▸ **What this task involves**
The entries that follow need to be printed exactly as they are, minus any pictures.

%%

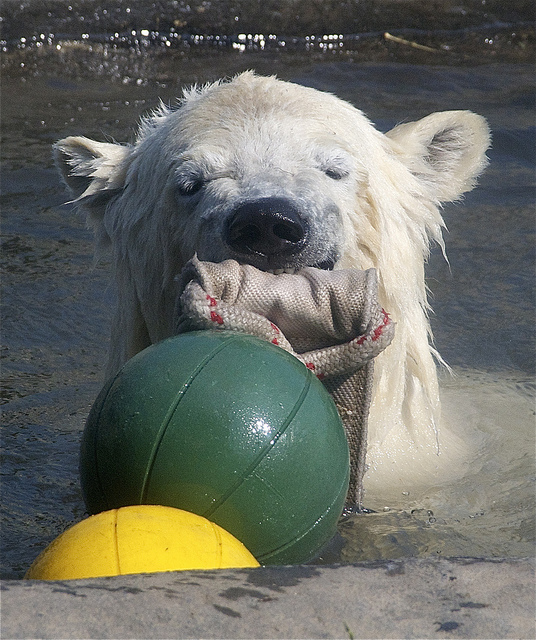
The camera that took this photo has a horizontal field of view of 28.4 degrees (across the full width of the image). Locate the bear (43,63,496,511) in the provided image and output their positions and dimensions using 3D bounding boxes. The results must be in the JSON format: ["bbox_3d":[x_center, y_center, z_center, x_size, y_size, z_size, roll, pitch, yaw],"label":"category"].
[{"bbox_3d":[0.019,-0.217,4.310,1.491,1.296,1.405,4,19,25],"label":"bear"}]

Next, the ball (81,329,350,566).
[{"bbox_3d":[-0.126,0.339,2.740,0.612,0.420,0.657,0,31,0],"label":"ball"}]

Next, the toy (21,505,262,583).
[{"bbox_3d":[-0.303,0.573,2.591,0.558,0.185,0.257,5,38,0],"label":"toy"}]

%%

▸ **Result of the task**
The camera that took this photo has a horizontal field of view of 28.4 degrees (across the full width of the image). Locate the bear (43,63,496,511) in the provided image and output their positions and dimensions using 3D bounding boxes. The results must be in the JSON format: ["bbox_3d":[x_center, y_center, z_center, x_size, y_size, z_size, roll, pitch, yaw],"label":"category"].
[{"bbox_3d":[0.019,-0.217,4.310,1.491,1.296,1.405,4,19,25],"label":"bear"}]

Next, the ball (81,329,350,566).
[{"bbox_3d":[-0.126,0.339,2.740,0.612,0.420,0.657,0,31,0],"label":"ball"}]

Next, the toy (21,505,262,583).
[{"bbox_3d":[-0.303,0.573,2.591,0.558,0.185,0.257,5,38,0],"label":"toy"}]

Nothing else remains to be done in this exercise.